Source: Iacovino 2008

The survey was undertaken using selective random sampling with one person interviewed from every third group of people. The survey was conducted on the foreshore or in nearby facilities of the various beach sites. There were 112 respondents in the survey consisting of a diverse demographic. There were 45 questions in the questionnaire taking about 10 minutes to complete per respondent. 2.3 Data Collation, Analysis and Types Collected data were entered into a Microsoft excel database. Following collation, the data were loaded into Limdep (NLogit 3.0.6). Regression analyses were undertaken in Limdep in order to test how reliable and accurate the contingent travel cost method was with stated future visits as the dependent variable.

Because this study uses on-site sampling, ordinary least squares regression analysis suffers from 3 common problems (Shaw 1998):

• Truncation is likely to occur, which is where data for non-beach-users and non-locals is not included in

the study, which can lead to biased results. • People who visit the beaches regularly are more likely to be interviewed than those who don’t visit

often (endogenous stratification). • The presence of non-negative integers can also create bias.

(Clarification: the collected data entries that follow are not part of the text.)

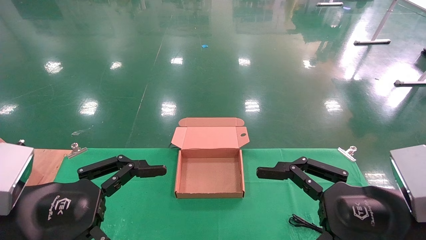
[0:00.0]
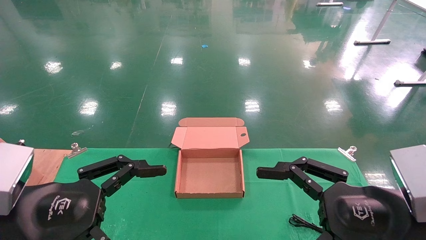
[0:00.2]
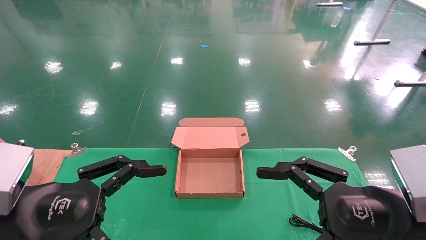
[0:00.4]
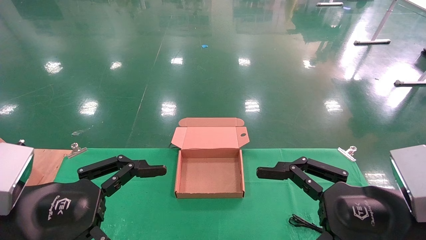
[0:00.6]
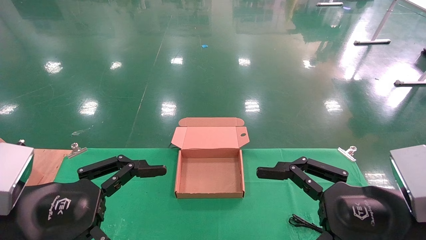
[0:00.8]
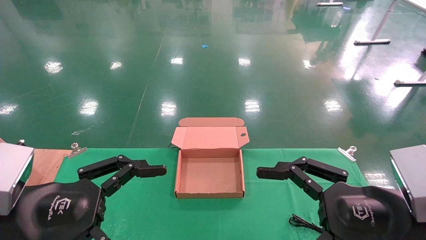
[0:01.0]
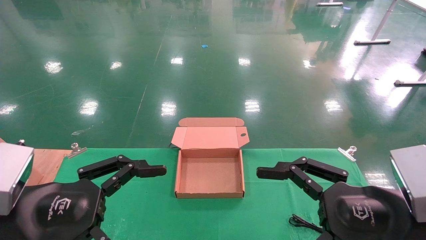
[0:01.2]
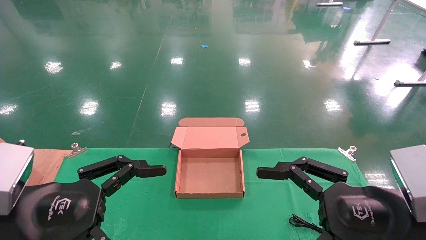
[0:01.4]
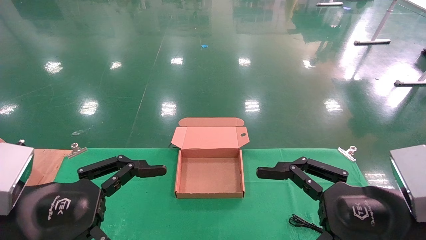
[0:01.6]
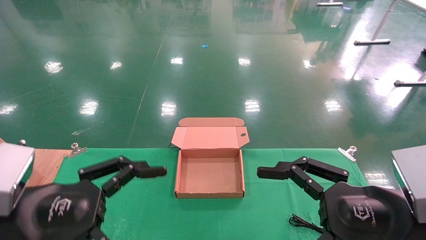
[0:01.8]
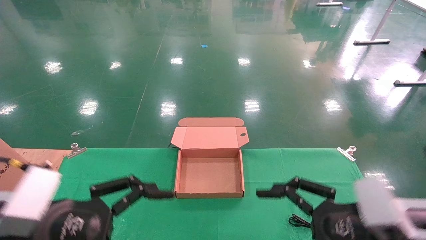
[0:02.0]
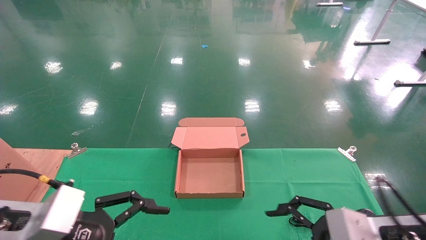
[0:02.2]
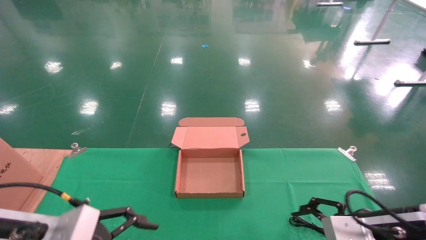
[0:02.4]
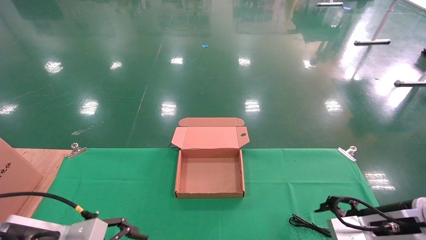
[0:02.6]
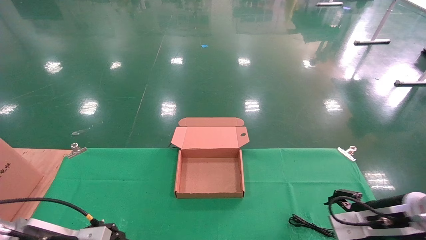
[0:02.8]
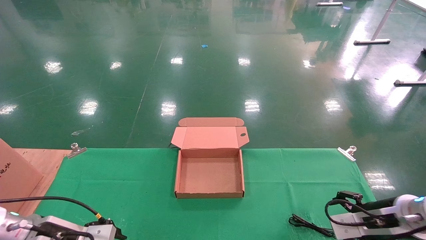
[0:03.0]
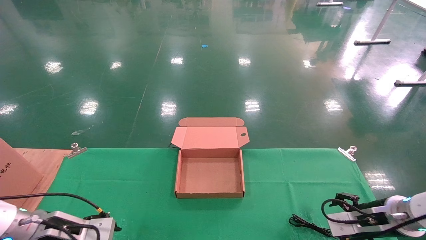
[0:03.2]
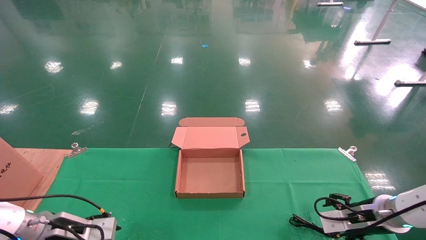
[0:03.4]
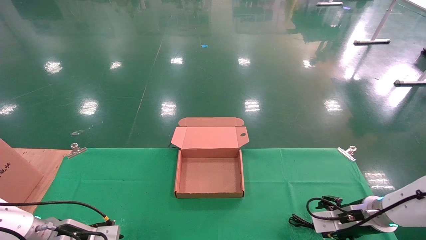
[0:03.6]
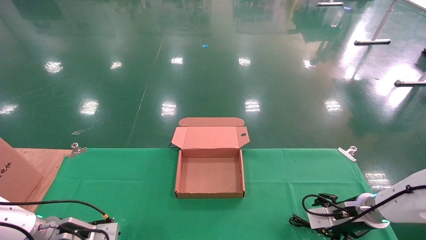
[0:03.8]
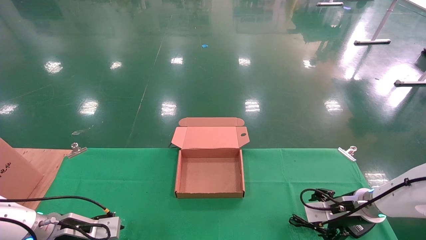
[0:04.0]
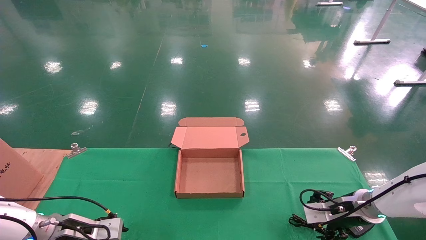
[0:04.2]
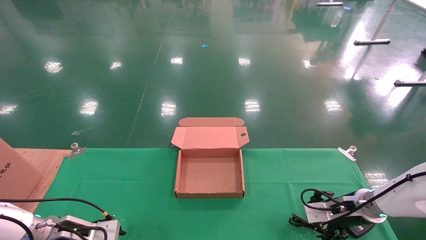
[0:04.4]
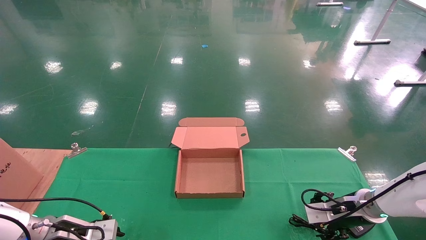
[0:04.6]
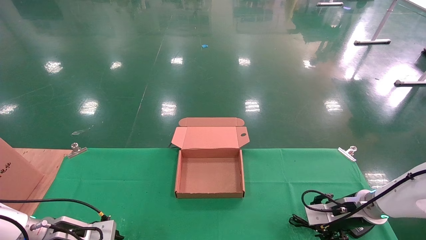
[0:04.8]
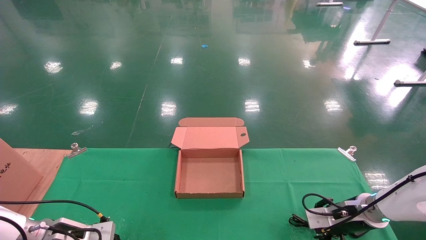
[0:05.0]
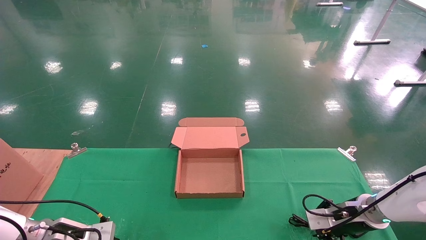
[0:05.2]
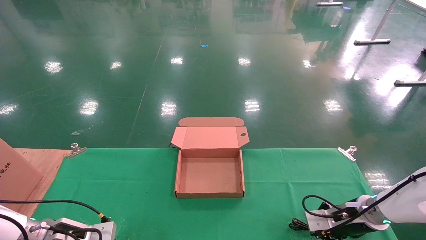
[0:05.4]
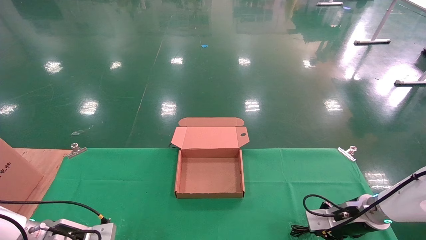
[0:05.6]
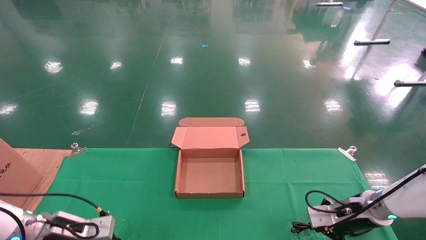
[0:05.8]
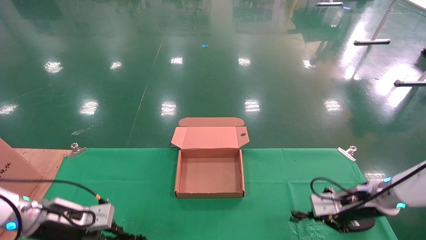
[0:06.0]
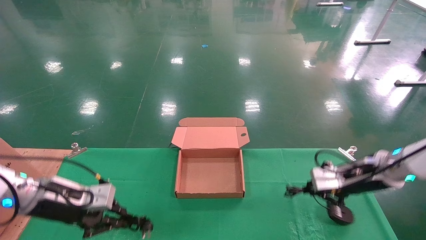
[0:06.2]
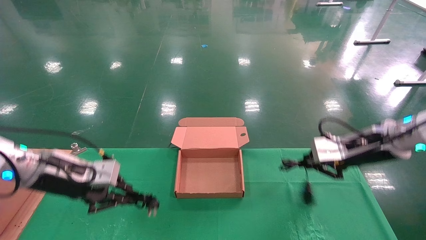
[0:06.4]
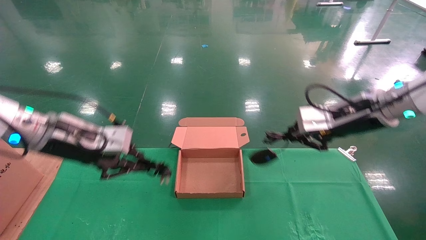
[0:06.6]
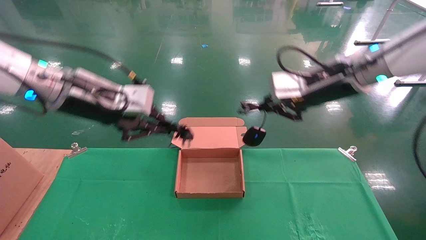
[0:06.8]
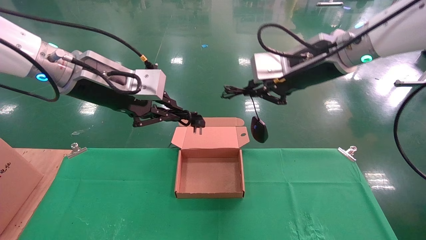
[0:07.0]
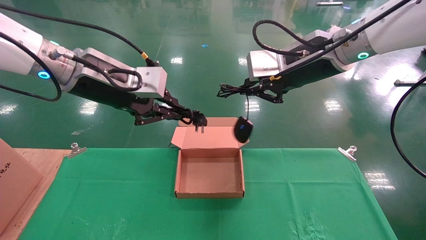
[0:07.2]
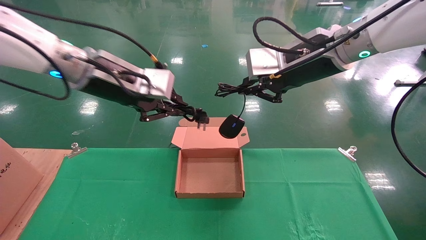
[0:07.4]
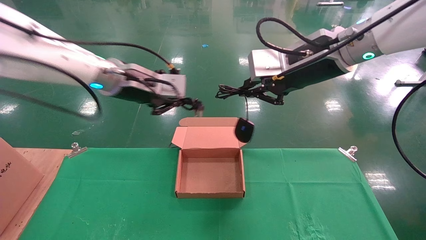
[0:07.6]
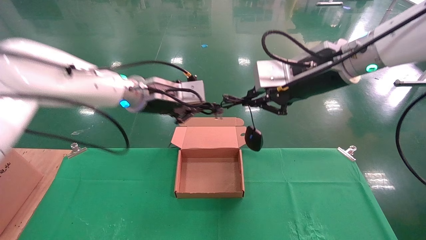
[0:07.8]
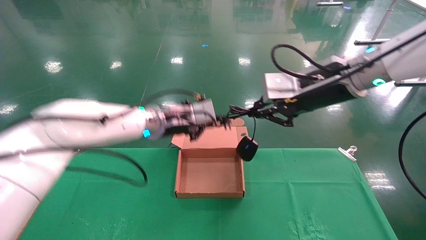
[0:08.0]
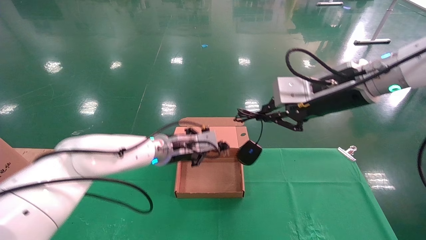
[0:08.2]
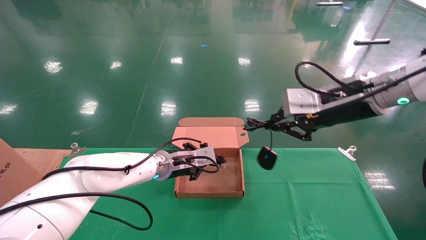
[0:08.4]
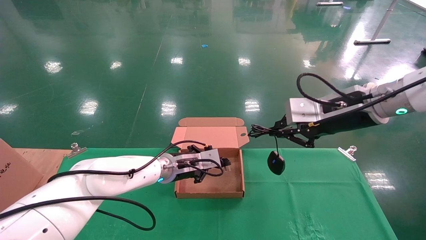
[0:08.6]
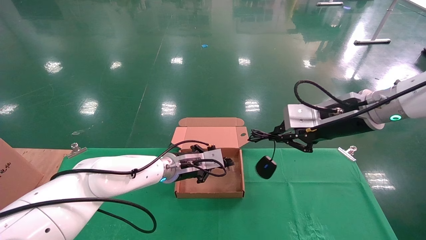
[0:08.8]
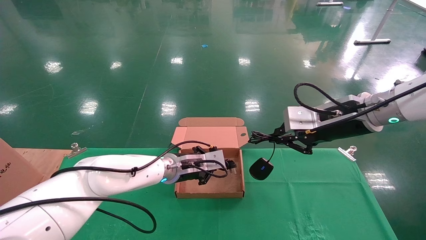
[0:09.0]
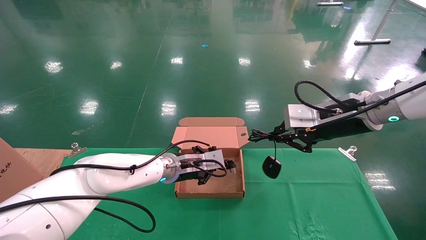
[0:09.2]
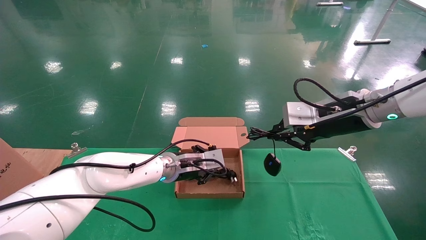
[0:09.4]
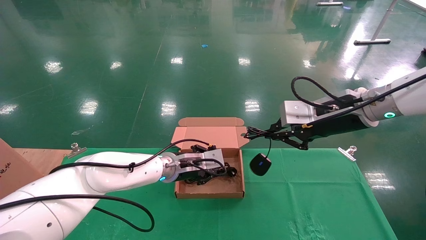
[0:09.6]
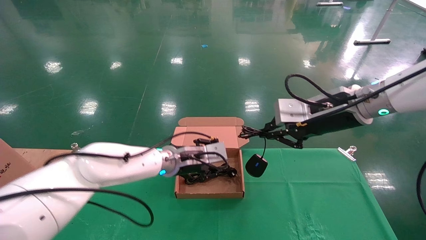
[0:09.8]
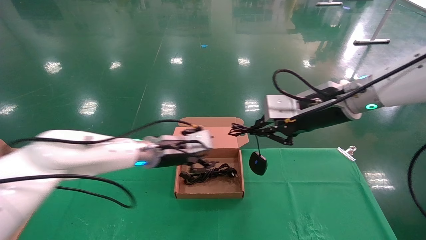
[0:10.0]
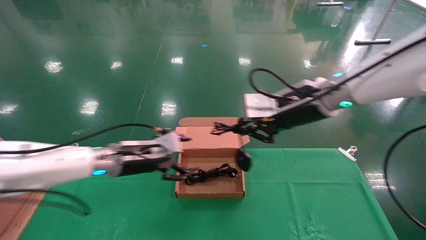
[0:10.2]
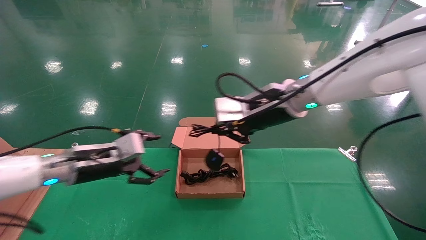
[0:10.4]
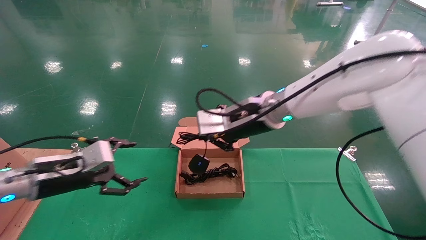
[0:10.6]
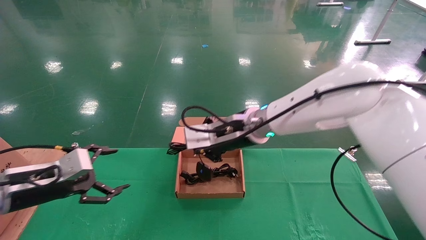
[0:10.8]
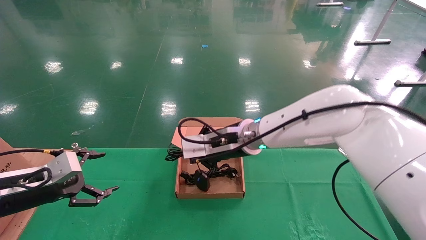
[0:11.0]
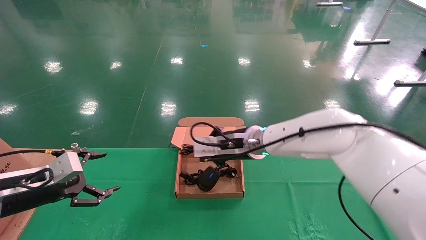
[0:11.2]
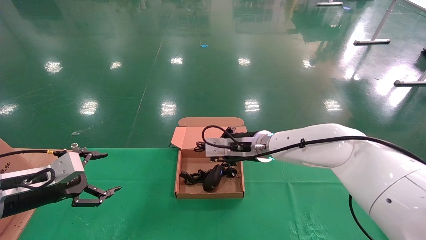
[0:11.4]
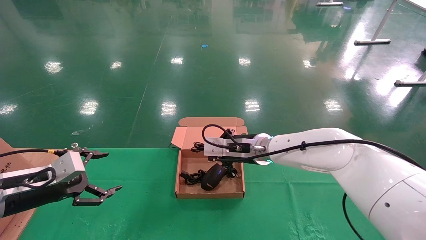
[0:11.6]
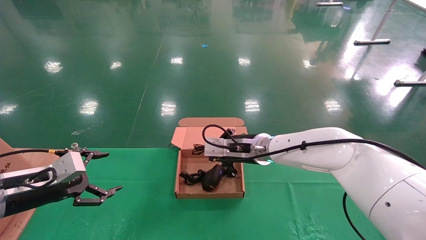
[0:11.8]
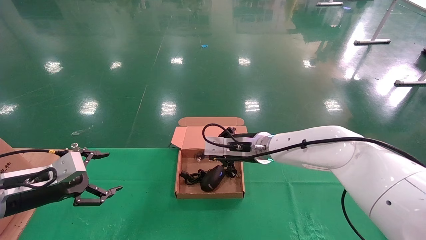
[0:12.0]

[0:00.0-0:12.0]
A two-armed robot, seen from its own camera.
Step, 0:02.4 to 0:06.6: Grab and lift both the mouse and power cord from the accessory packaging area at the same time.
0:00.0 to 0:01.6: The two grippers keep their place.
0:01.6 to 0:03.0: The left gripper shifts about 15 cm downward, forward and to the left; the right gripper shifts approximately 20 cm forward, downward and to the right.
0:03.0 to 0:04.4: The right gripper travels forward by about 10 cm; the left gripper travels forward and downward by roughly 10 cm.
0:04.4 to 0:06.0: The grippers both shift upward by about 5 cm. The left gripper closes up. Meanwhile the right gripper closes its fingers.
0:06.0 to 0:07.6: The left gripper is displaced upward and to the right by approximately 30 cm. The right gripper travels upward and to the left by some 30 cm.
0:07.6 to 0:09.0: The left gripper moves downward, some 20 cm, while the right gripper travels downward and to the right by roughly 10 cm.
0:09.0 to 0:10.4: The left gripper moves to the left and backward, approximately 20 cm, and opens its fingers; the right gripper travels to the left by approximately 15 cm.
0:10.4 to 0:12.0: The left gripper heads to the left, covering approximately 10 cm, while the right gripper travels downward and forward by approximately 15 cm.

Thus, this study uses maximum likelihood and limited dependent variable regressions to correct for these

biases as directed by Shaw (1988). The two different types of data used in this study were continuous (travel cost of beach users) and count (number of visits people make to the study sites). Because the dependent variable is a count data variable, count data regression models were used in the analysis. 2.4 A Priori Expectations

From the questionnaire thirteen variables were selected a priori (before regression analysis) to help explain beach visits. Table 1 shows the a priori expectations of the variables used to explain visits.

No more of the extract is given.